• Exercise objective:
Reproduce every record exactly as it appears, but not the pictures.
######
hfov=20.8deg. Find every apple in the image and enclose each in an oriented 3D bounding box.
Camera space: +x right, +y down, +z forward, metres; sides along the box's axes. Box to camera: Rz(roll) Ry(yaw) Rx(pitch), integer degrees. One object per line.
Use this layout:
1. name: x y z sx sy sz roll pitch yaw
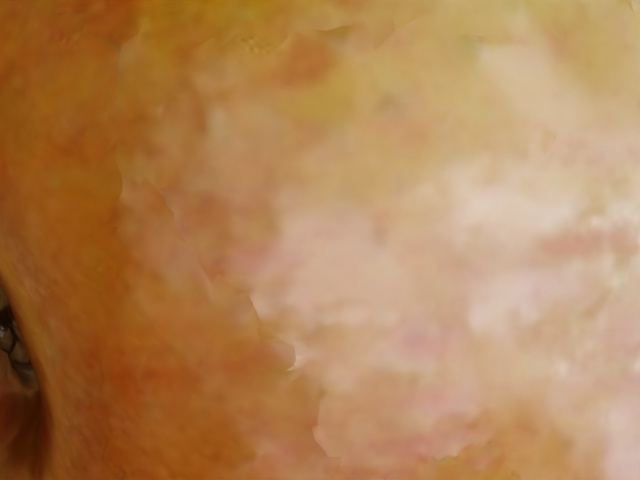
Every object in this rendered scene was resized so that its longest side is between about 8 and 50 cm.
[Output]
1. apple: 0.000 0.000 0.462 0.275 0.299 0.299 -5 129 -44
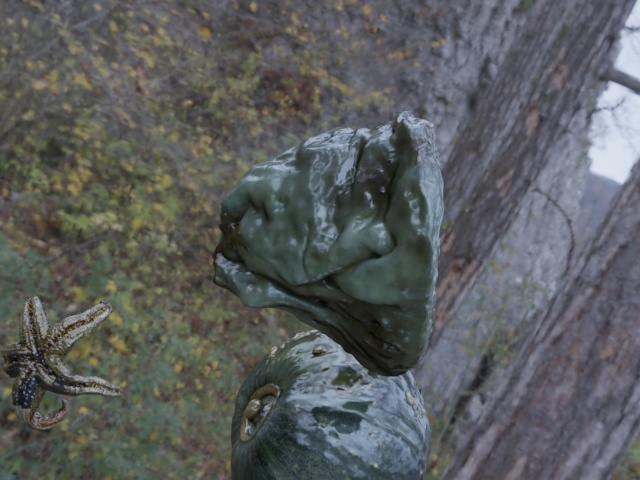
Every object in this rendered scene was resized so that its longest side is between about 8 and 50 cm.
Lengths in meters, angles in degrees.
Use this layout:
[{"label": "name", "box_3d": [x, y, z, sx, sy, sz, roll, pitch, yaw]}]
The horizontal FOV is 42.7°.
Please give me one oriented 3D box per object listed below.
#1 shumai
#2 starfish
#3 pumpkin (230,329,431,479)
######
• Task solution:
hfov=20.8deg. Find every apple in the image and enclose each in an oriented 3D bounding box.
Camera space: +x right, +y down, +z forward, metres; sides along the box's axes. Box to camera: Rz(roll) Ry(yaw) Rx(pitch), integer degrees. One object per line.
Use this layout:
1. name: x y z sx sy sz roll pitch yaw
Every object in this rendered scene was resized so that its longest side is between about 8 and 50 cm.
[Output]
1. apple: 0.000 0.000 0.462 0.275 0.299 0.299 -5 129 -44
Every object in this rendered scene was resized so that its longest side is between about 8 and 50 cm.
Lengths in meters, angles in degrees.
Use this layout:
[{"label": "name", "box_3d": [x, y, z, sx, sy, sz, roll, pitch, yaw]}]
The horizontal FOV is 42.7°.
Please give me one oriented 3D box per object listed below.
#1 shumai
#2 starfish
#3 pumpkin (230,329,431,479)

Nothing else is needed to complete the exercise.